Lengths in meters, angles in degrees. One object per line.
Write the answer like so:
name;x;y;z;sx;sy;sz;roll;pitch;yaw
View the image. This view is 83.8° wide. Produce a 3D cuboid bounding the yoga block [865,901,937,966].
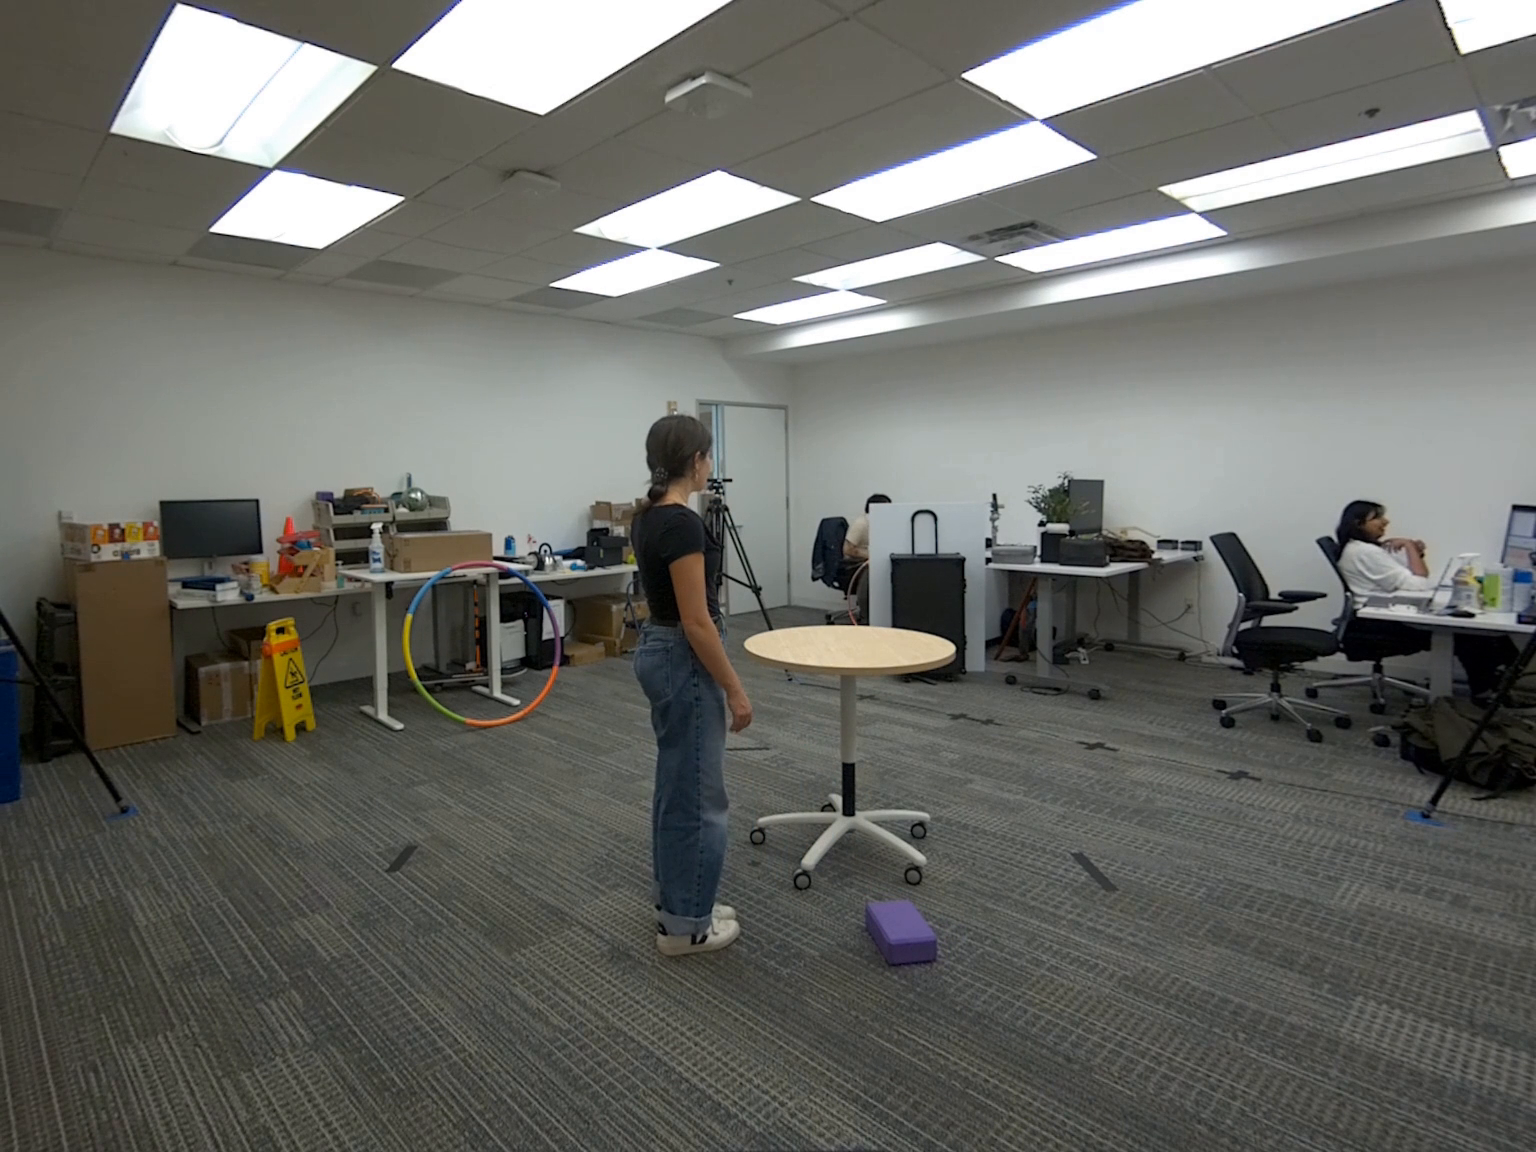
yoga block;0.394;1.056;2.547;0.148;0.076;0.232;-2;4;-10

※

_Exercise directions_
Return all of the material above unchanged, minus its pictures.

_Answer for the task_
Lengths in meters, angles in degrees. One object per line.
Write the answer like so:
name;x;y;z;sx;sy;sz;roll;pitch;yaw
View the image. This view is 83.8° wide. Produce a 3D cuboid bounding the yoga block [865,901,937,966].
yoga block;0.394;1.056;2.547;0.148;0.076;0.232;-2;4;-10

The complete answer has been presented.